Harbour Brewing (http://www.harbourbrewing.com/about-us.php), based in North Cornwall, started distributing their beer in spring 2012, and their immediate success demonstrates that there is demand for Cornish ‘craft beer’, even if not so much in Cornwall itself. They’ve got beautiful branding and apparently boundless energy. The difficulty for us has been that, having tried an early test batch of their IPA, we’ve been waiting for the beer itself to catch up. At first, it wasn’t quite right, though far from bad; as the months passed, it improved every time we came across it, but kept failing a crucial test: we simply didn’t prefer it to the beer from the big regional, St Austell.

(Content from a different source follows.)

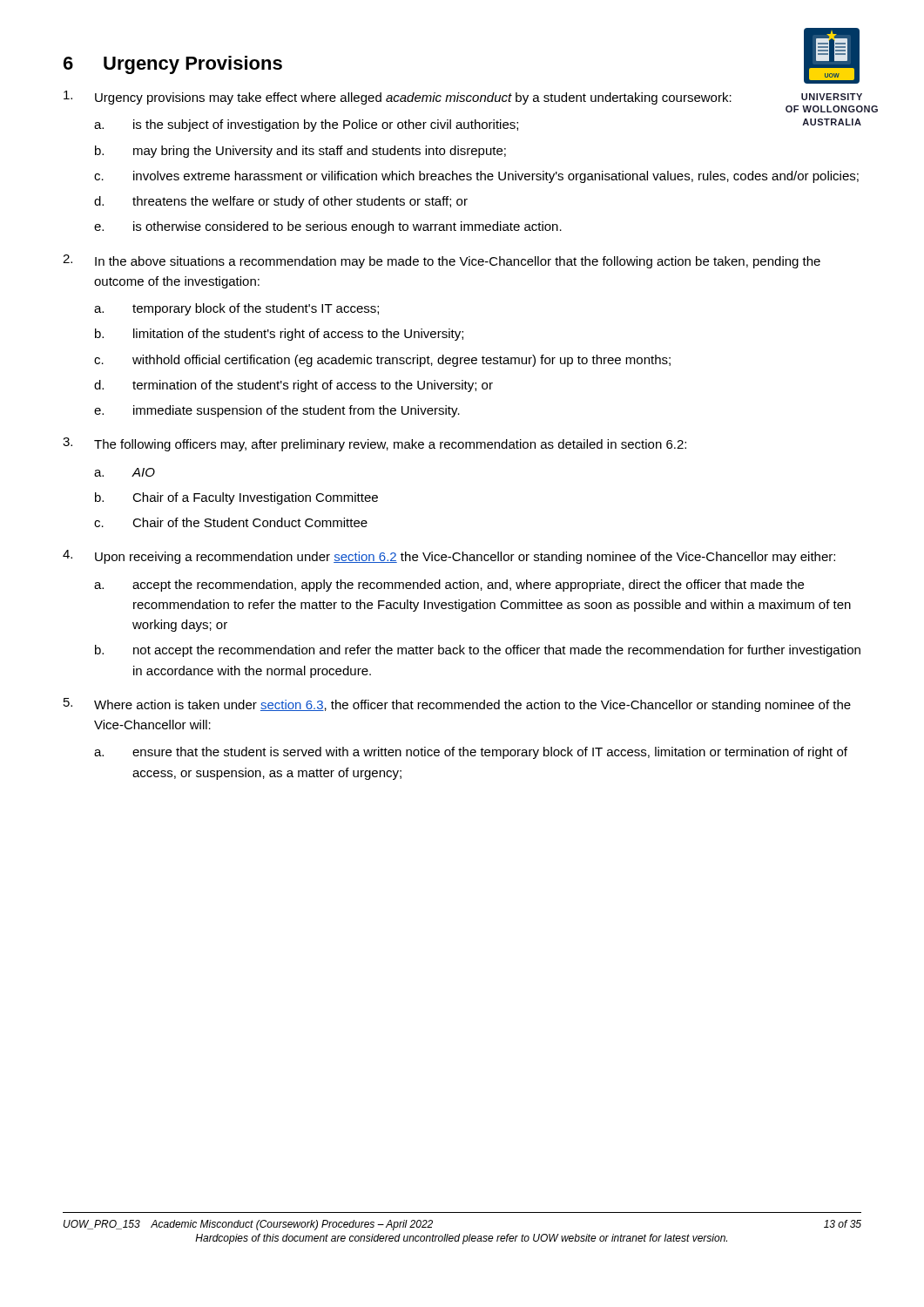
Task: Click the passage that begins "2. In the"
Action: click(x=462, y=338)

At the Old Coastguard, however, we found ourselves ordering a second round of their Light Ale, a 3.2% ABV cask ‘pale and hoppy’, turning our nose up at St Austell Tribute, which tasted flabby by comparison. In fact, Harbour Light even beat the pints of St Austell Proper Job we’d enjoyed the night before, too — no mean feat for a much weaker beer, given our love for PJ at its best. Light Ale isn’t the most intensely flavoured or aromatic beer of this style (http://forums.pubsgalore.co.uk/boakandbailey.com/2013/01/beer-for-the-super-session/) we’ve tried (that’s probably Brodie’s Citra) but certainly had enough lemon-peel zing to perk us up after our wind-whipped walk from Penzance. The condition couldn’t have been better, either, the head forming, in baking parlance, ‘soft peaks’, and lasting until the end of the pint.
Paler than many UK lagers and very sessionable, we can see Light Ale finding a niche in Cornish pubs… eventually. We’d love to walk into more pubs and see three different colours, at three strengths, from three different breweries, rather than the usual c.4% brown bitter or c.4% brown bitter line-up we find all too often, but it might take a while for conservative punters to come round to the idea. ‘Premium Craft’ labelling, in the meantime, will, we suspect, see Harbour’s beers cropping up in a lot of cafes, restaurants and bars in the coming summer season.